Remember guys like Black September, the Al-Aqsa Brigades, even Hezbollah and Hamas? They’ve been at the Islamic terrorism racket for a heck of a lot longer than Al-Qaeda. Even with a demoralized, rudderless Al-Qaeda, radical Islam will not go away. The terror it often breeds, likewise, will not go away. Furthermore, expect attacks from those seeking revenge for bin Laden’s death—although hopefully without his generous credit line.

By the way, you don’t have to be a radical Muslim or even a plain old everyday Muslim to engage in terror: just ask the Khmer Rouge, the Red Brigades, the Baader-Meinhof group, the IRA, the UVF, the Ku Klux Klan and various guerrilla groups around the world that on a daily basis have engaged (and continue to engage, in some respects) in acts so brutal it would make the Ayatollah soil his robes—which could be an improvement.

Make sure you’re covered on the back end.

Something very important happened while we spent billions chasing bin Laden: China became a superpower. It already produced most of our consumer goods, bought a huge hunk of our debt and is even attempting to phase out the US dollar as the world’s reserve currency. Other countries, like Russia, Brazil and India, look to create a new bloc with this newly aggressive dragon.

Many Americans see no harm in this. I am not one of them.

US businesses love China, because it’s a source of cheap labor and high profits. European businesses love China as a counterbalance to the United States. Same with Russia, India and the like.

However, to truly get a sense of what it will be like under a Chinese superpower, just ask Singapore, Vietnam, Malaysia, Taiwan, and Indonesia: places that know all too well the ugly face of Chinese power.

Say what you will about American hegemony, it is comparatively soft compared to what potentially awaits those countries in Asia that fall under China’s orbit. The United States conquered the world with cheap cigarettes, bad movies and hydrogenated fast food.

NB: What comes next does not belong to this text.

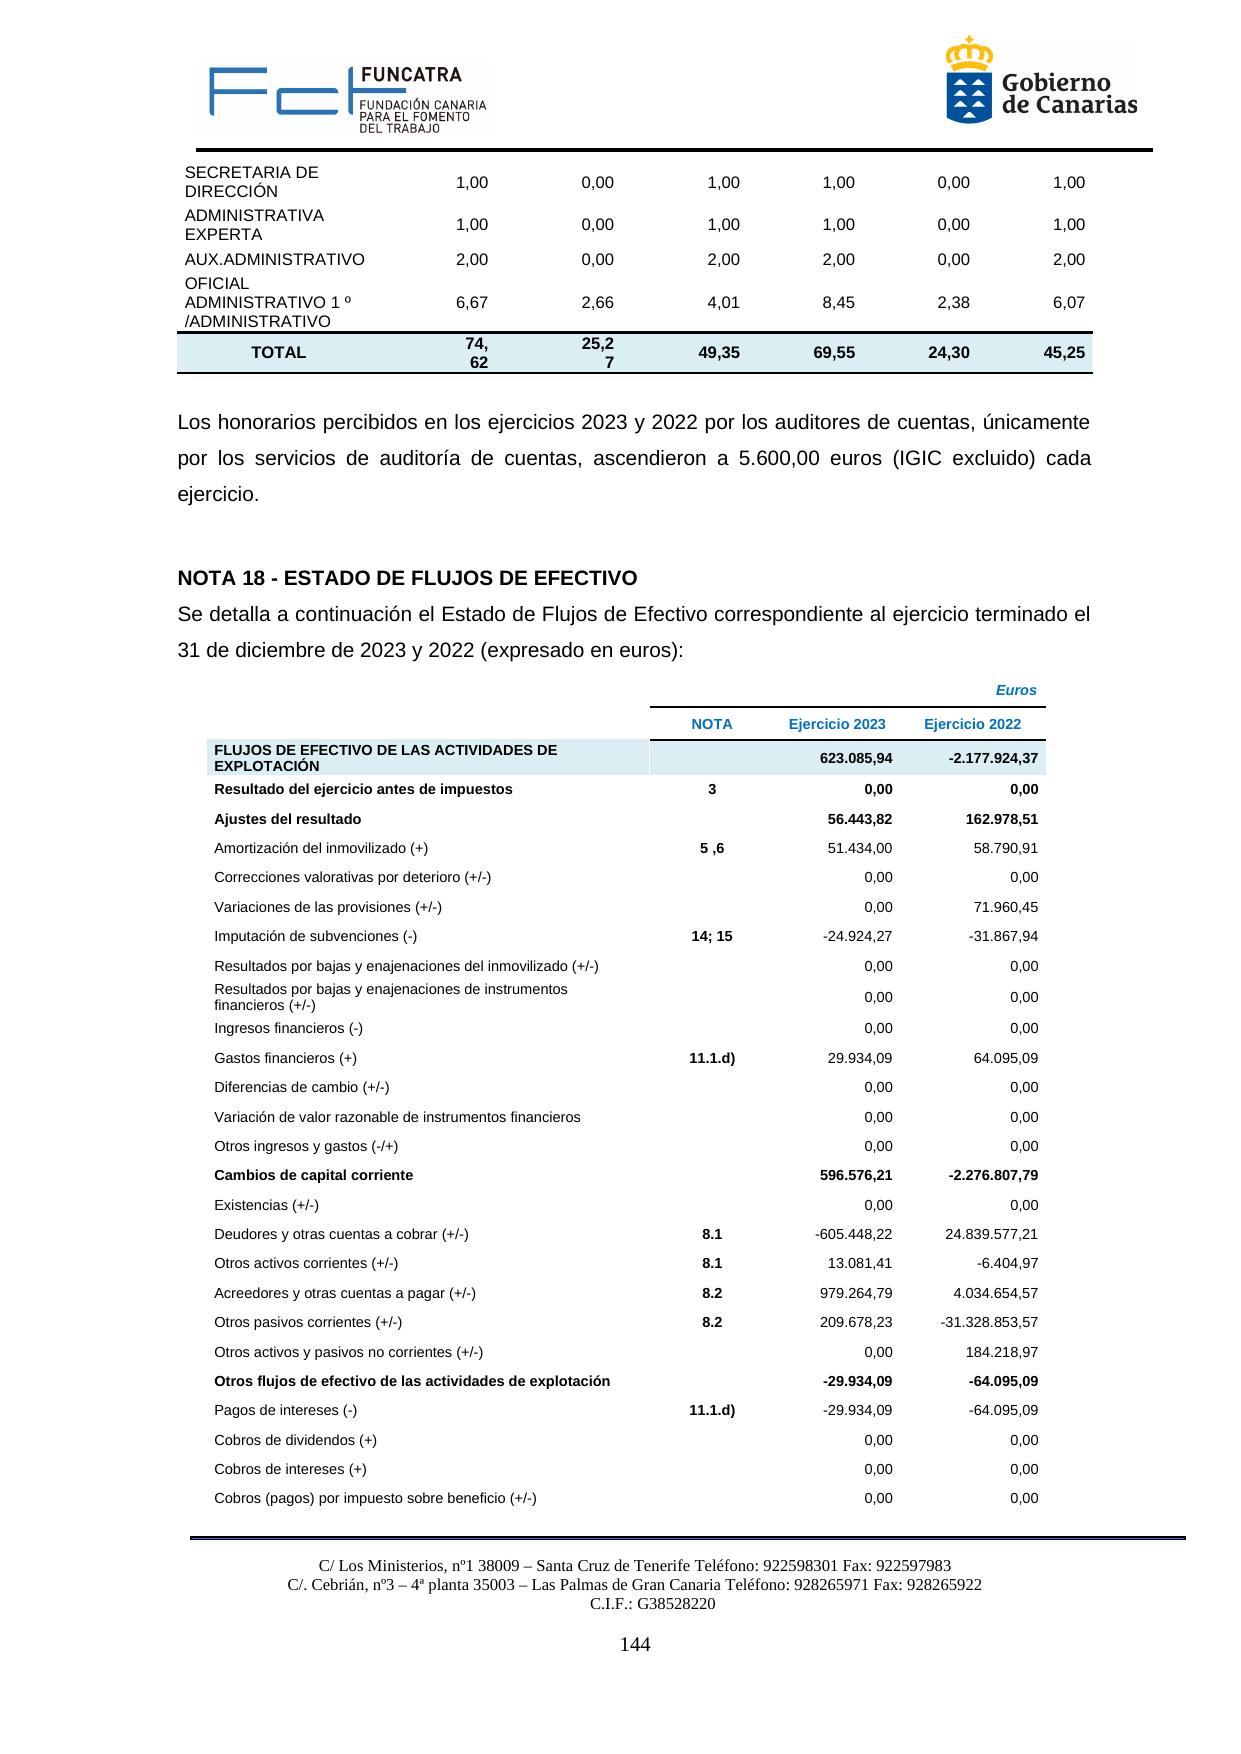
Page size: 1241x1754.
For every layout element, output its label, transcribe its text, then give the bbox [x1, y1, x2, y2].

Yet those simple pleasures were also balanced by the power of ideas, of beliefs and ethics that shape what it is to be American—even if we rarely practice what we preach. See how long conversations about democracy, human rights, the rule of law, individual opportunity and political discourse last in a Chinese satellite state that values profit and forced consensus over anything else.

What makes China terrifying is not its ideology, but its lack of ideology.

In the push to progress China to superpower status, the Chinese government has embraced capitalism better than us capitalists ever have. They will do business with anyone, no matter how loathsome, as long as they’re in the black. It’s an avarice that would make even J. P. Morgan cringe. When a money relationship is not backed by ideas or ethics, friends can become enemies in the blink of an eye.

In reconnoitering our military positions overseas, the United States should look at China for what it is: a rival that must be dealt with, not an idol that should be fawned over.

The death of bin Laden has left more questions than answers. Yet the United States has a unique opportunity to reshape itself into the superpower we all hoped it should be.

Our financial house must be put in order, and significant cuts should be shared equally, not just in the 20% of the budget deemed politically expedient.

Our commitments to Iraq and Afghanistan should be re-evaluated and, when needed, troops should be re-deployed to where they can do the most good.

Most importantly, we must realize the world that arose while the War on Terror waged. The real enemy of the United States is not in Tora Bora, nor in some madrassa in Kandahar or a mosque in Tehran. It is an ascendant rival that for all its perceived economic benefits stands in direct opposition to everything we stand for.

The United States cannot be sucked into another game as an ordinary superpower. We have to stand for something—or possibly lose everything.